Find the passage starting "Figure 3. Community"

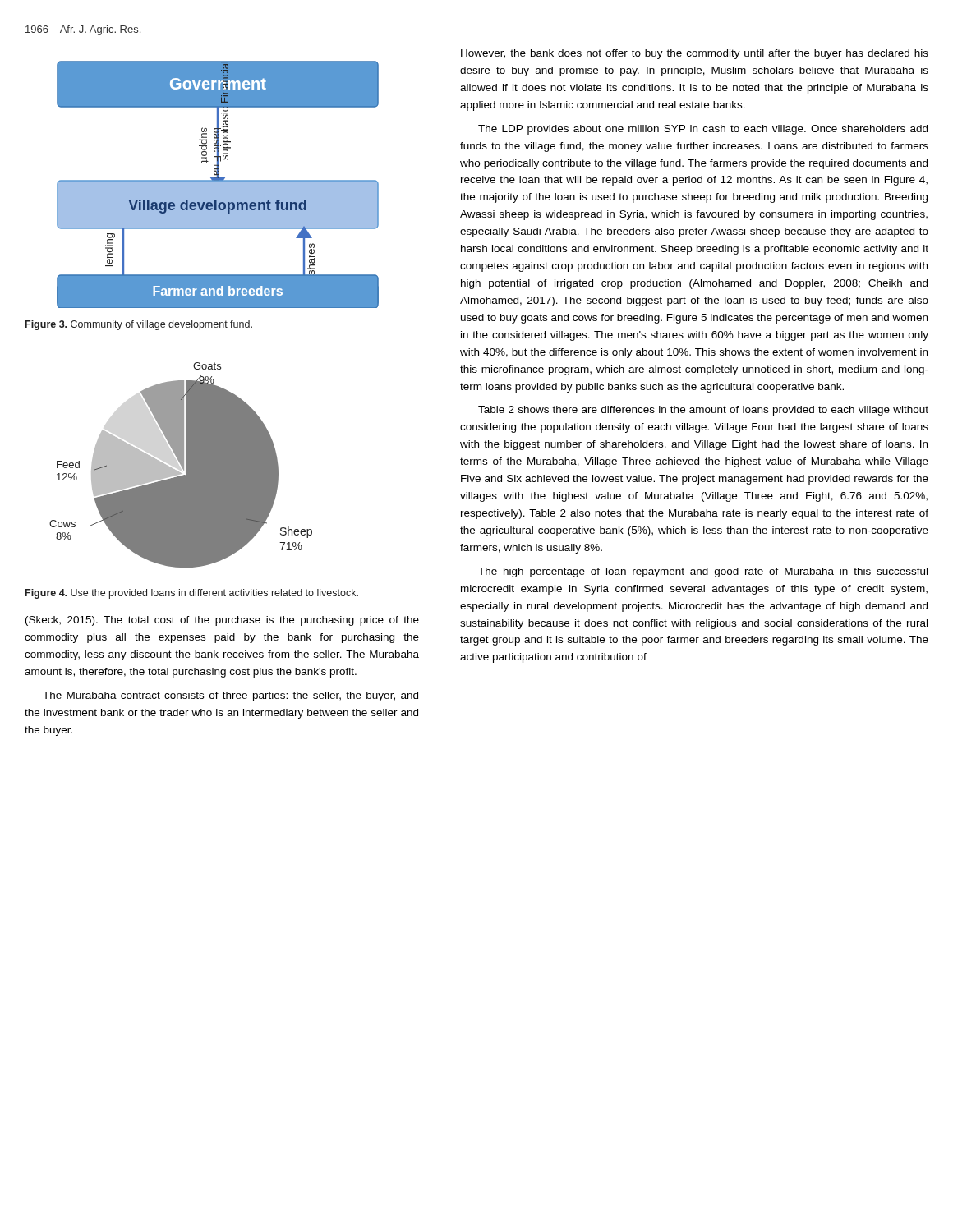coord(139,324)
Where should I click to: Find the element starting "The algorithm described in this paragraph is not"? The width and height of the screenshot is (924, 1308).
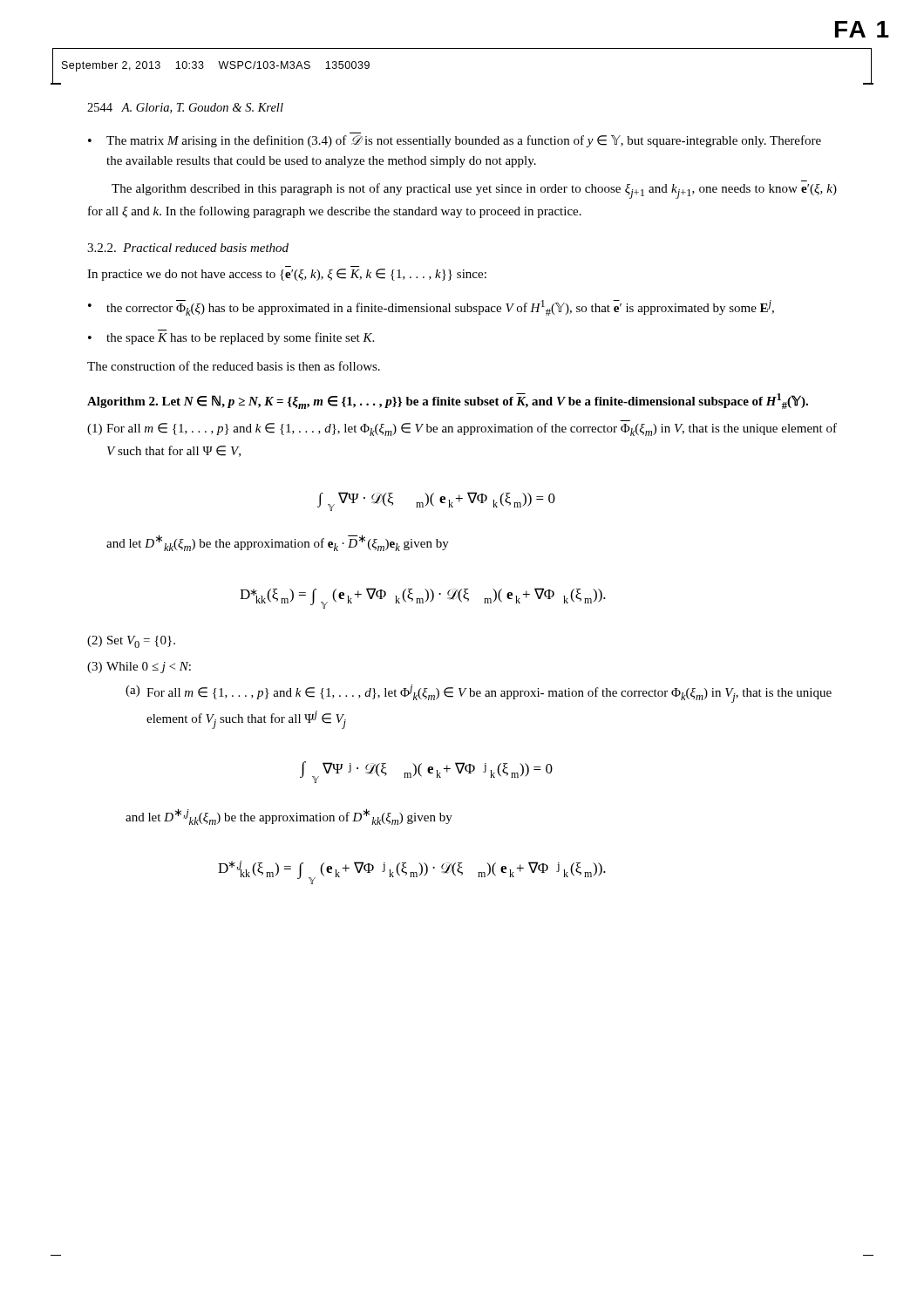[462, 199]
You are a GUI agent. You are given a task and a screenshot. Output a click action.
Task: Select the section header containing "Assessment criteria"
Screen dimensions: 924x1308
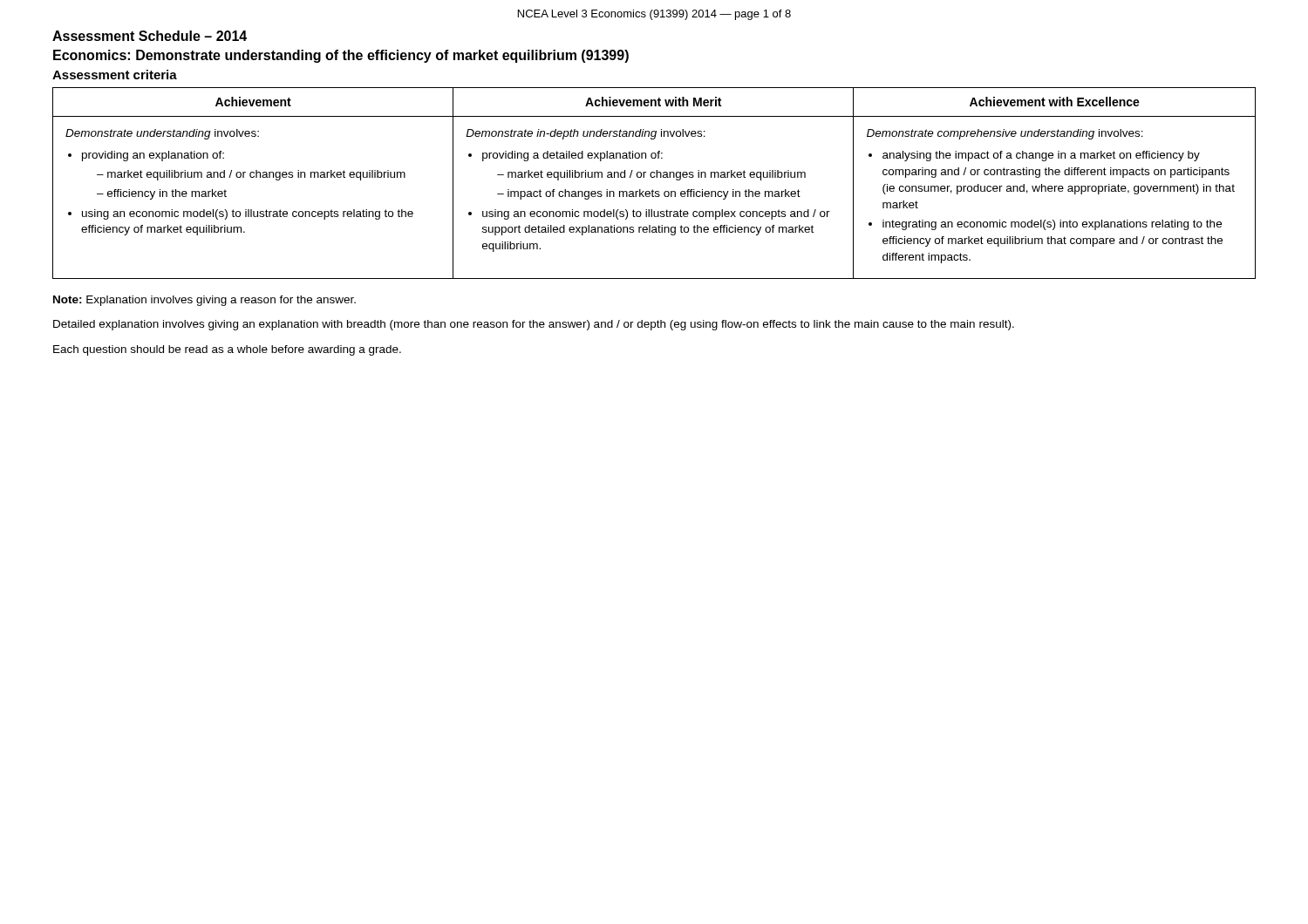[115, 75]
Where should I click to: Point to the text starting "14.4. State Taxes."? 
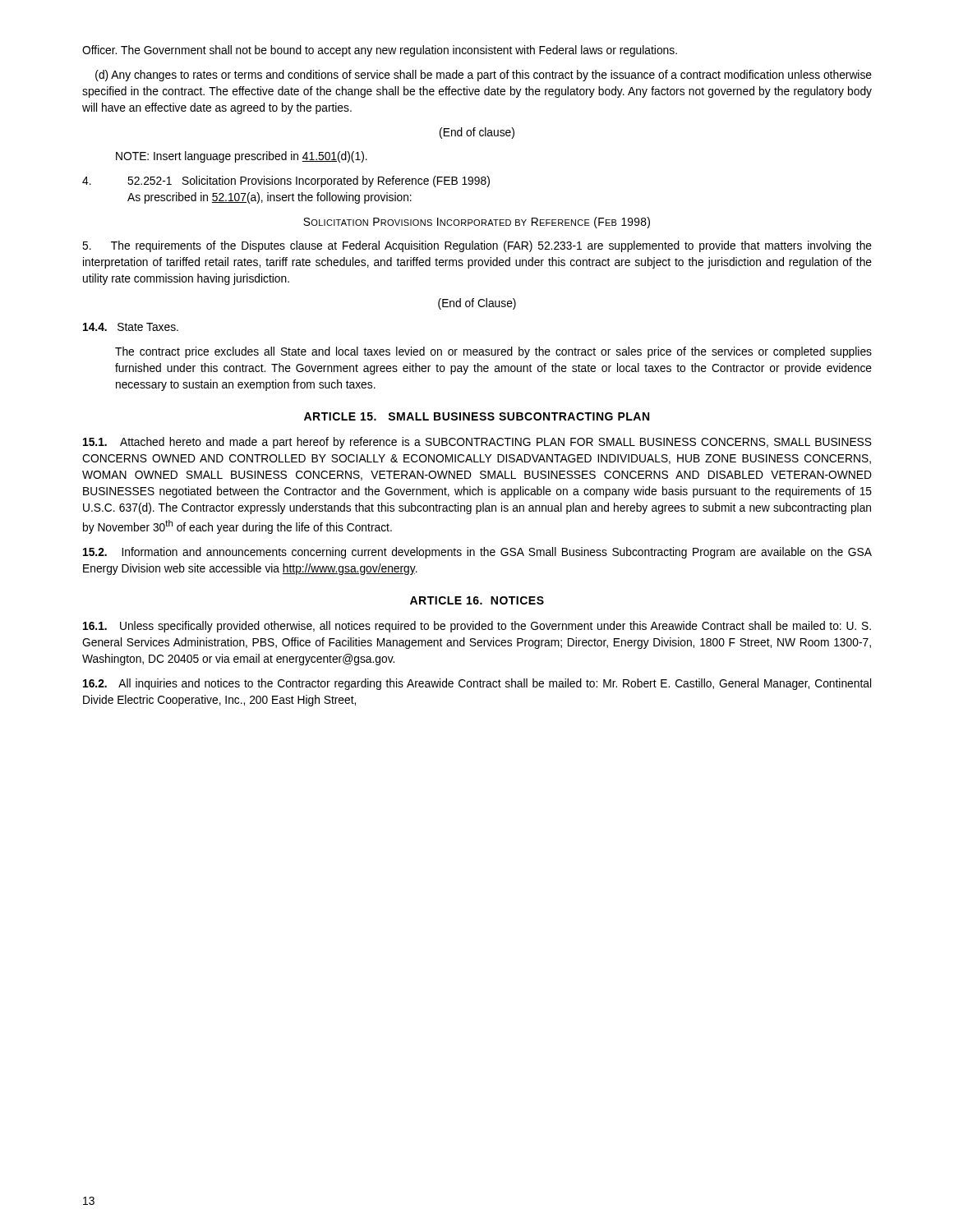[x=131, y=327]
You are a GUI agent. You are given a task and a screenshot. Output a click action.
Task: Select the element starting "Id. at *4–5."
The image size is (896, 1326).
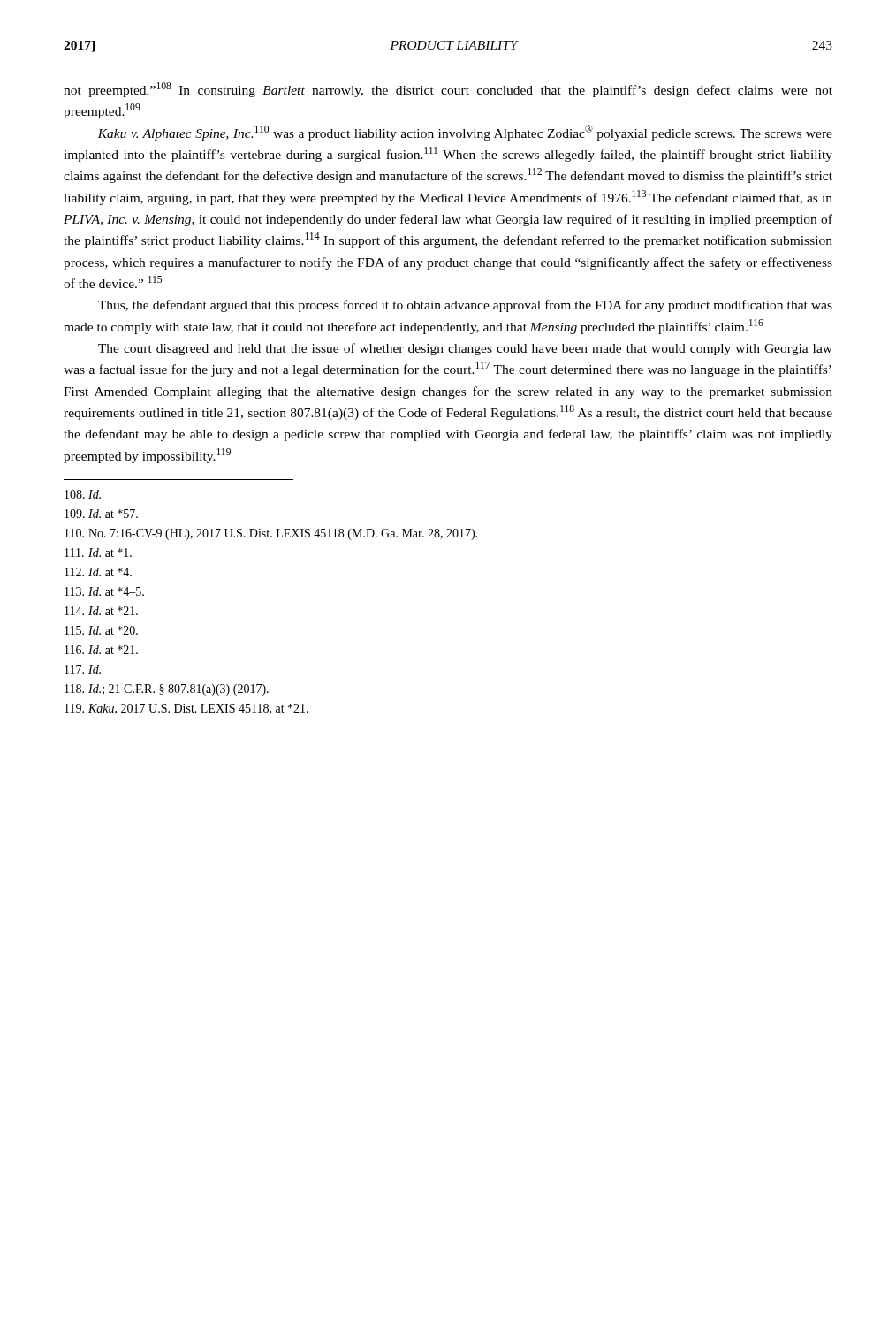pyautogui.click(x=104, y=591)
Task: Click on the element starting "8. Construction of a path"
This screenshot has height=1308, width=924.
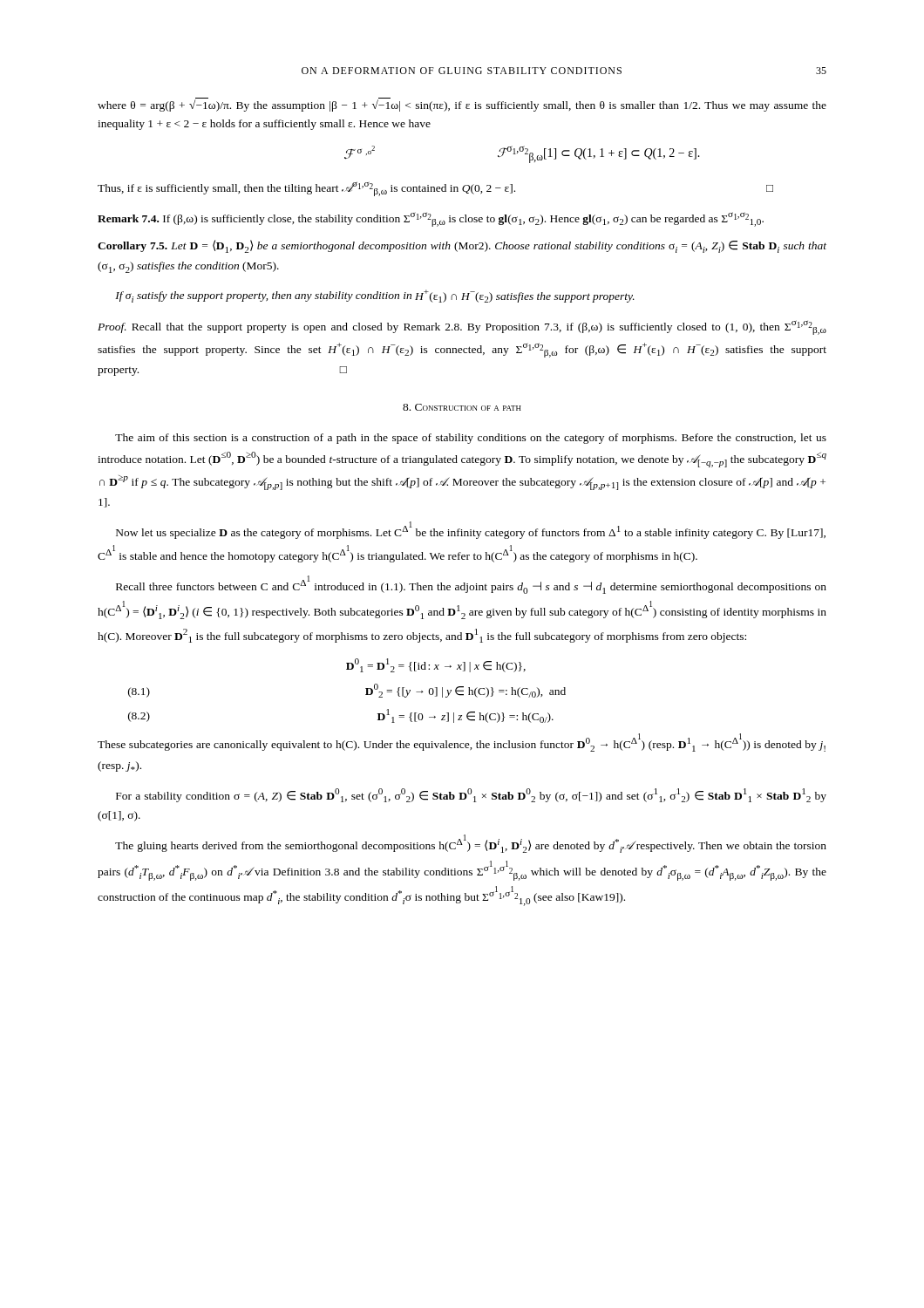Action: [462, 407]

----

TASK REQUIREMENTS: Output the entries above verbatim, with no picture included.

TASK SOLUTION:
Find the passage starting "Figure 3. Community"

coord(139,324)
Where should I click to: Find the element starting "The algorithm described in this paragraph is not"? The width and height of the screenshot is (924, 1308).
[462, 199]
You are a GUI agent. You are given a task and a screenshot. Output a click action.
Task: Select the section header containing "Assessment criteria"
Screen dimensions: 924x1308
[115, 75]
Where should I click to: Point to the text starting "14.4. State Taxes."? 
[x=131, y=327]
You are a GUI agent. You are given a task and a screenshot. Output a click action.
Task: Select the element starting "Id. at *4–5."
The image size is (896, 1326).
pyautogui.click(x=104, y=591)
Task: Click on the element starting "8. Construction of a path"
This screenshot has height=1308, width=924.
Action: [462, 407]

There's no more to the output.